EU promotes costly, unproven technologies on final net-zero industry plan
Today, the EU institutions failed to provide a clear direction for the future of clean industry in the final deal for the Net-Zero Industry Act (NZIA). This EU law was introduced as a tool to support domestic manufacturing of targeted technologies and help the EU meet its 2030 climate targets and strategic autonomy goals, but today’s final agreement instead gambles on expensive and unproven solutions with limited time and public money available to achieve climate goals.
The negotiators’ decision to turn the NZIA into a tool to support technologies regardless of their cost-effectiveness and immediate deployability is very concerning. Wind and solar supply chains, heat pumps, batteries, grids and renewable hydrogen for targeted sectors are readily available solutions with proven decarbonisation impact.

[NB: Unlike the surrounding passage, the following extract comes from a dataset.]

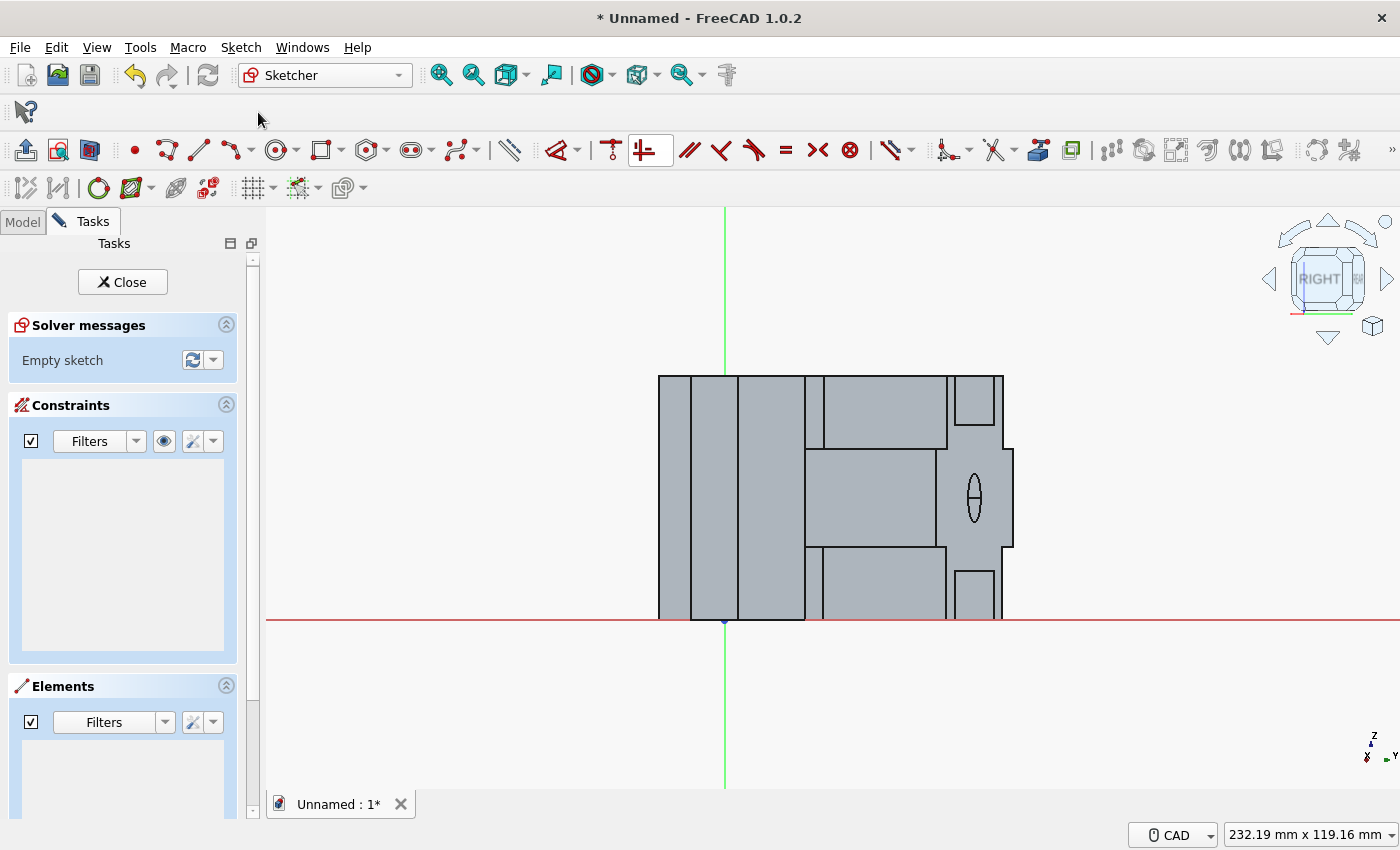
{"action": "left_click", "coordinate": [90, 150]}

By giving them the same level of public support as expensive and slow technologies, such as nuclear energy and carbon capture, scarce public funds will be stretched further, minimising impact.
Carbon capture and storage (CCS) is wrongly put forward as a solution for all industrial emissions, when it should be focused on carbon emissions that cannot be prevented at source through other more cost-effective means. Such a heavy reliance on CCS does not only divert taxpayers’ money from the available technologies to decarbonise European industry in the timeframe needed, but also risks maintaining our fossil fuels dependency for the next decades.
Finally, this simplistic approach based on shorter permitting procedures and reduced public participation will result in additional pressure on EU communities and the environment and likely result in overburdening national public authorities and exacerbating conflicts at local level.
The provisional political deal between co-legislators is now pending formal adoption by both institutions.
Riccardo Nigro, Senior Policy Officer for Zero Pollution Industry at the European Environmental Bureau said:
“Putting costly, unproven technologies at the same level as proven solutions derails the original intentions behind the Net-Zero Industry Act. This misguided approach jeopardises both environmental and strategic autonomy goals and diverts funds from essential clean technologies. A focused commitment to impactful solutions is essential for meeting 2030 climate targets and boosting European clean industry competitiveness.”